__Your goal__. Copy each line of the records exactly, stopping only after the line that contains "1. metal tray (70,11,163,121)" has been written, and leave pictures out.

---+---

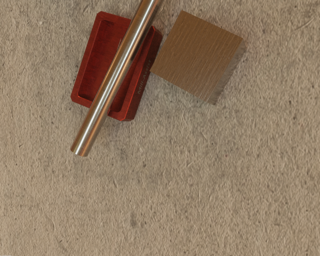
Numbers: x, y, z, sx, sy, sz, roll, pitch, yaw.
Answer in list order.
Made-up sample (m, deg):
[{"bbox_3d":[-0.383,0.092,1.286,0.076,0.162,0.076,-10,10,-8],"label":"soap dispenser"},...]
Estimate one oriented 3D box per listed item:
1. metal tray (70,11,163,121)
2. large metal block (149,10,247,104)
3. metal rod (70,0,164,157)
[{"bbox_3d":[-0.061,-0.084,0.426,0.090,0.030,0.129,22,97,18],"label":"metal tray"},{"bbox_3d":[0.048,-0.083,0.378,0.080,0.050,0.080,31,100,17],"label":"large metal block"},{"bbox_3d":[-0.039,-0.099,0.389,0.025,0.025,0.298,31,100,17],"label":"metal rod"}]
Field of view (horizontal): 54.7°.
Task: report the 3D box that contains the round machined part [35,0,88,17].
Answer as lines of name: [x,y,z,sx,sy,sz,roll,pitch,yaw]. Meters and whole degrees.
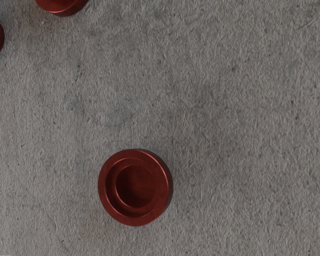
round machined part: [-0.150,-0.218,0.453,0.098,0.042,0.097,0,90,20]

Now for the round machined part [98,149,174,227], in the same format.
round machined part: [-0.029,0.076,0.410,0.098,0.042,0.097,0,90,20]

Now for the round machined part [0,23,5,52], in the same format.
round machined part: [-0.296,-0.151,0.504,0.098,0.042,0.097,0,90,20]

---+---

__Response to the task__.
Numbers: x, y, z, sx, sy, sz, roll, pitch, yaw.
Answer in list order.
Made-up sample (m, deg):
[{"bbox_3d":[-0.383,0.092,1.286,0.076,0.162,0.076,-10,10,-8],"label":"soap dispenser"},...]
Estimate one oriented 3D box per listed item:
1. metal tray (70,11,163,121)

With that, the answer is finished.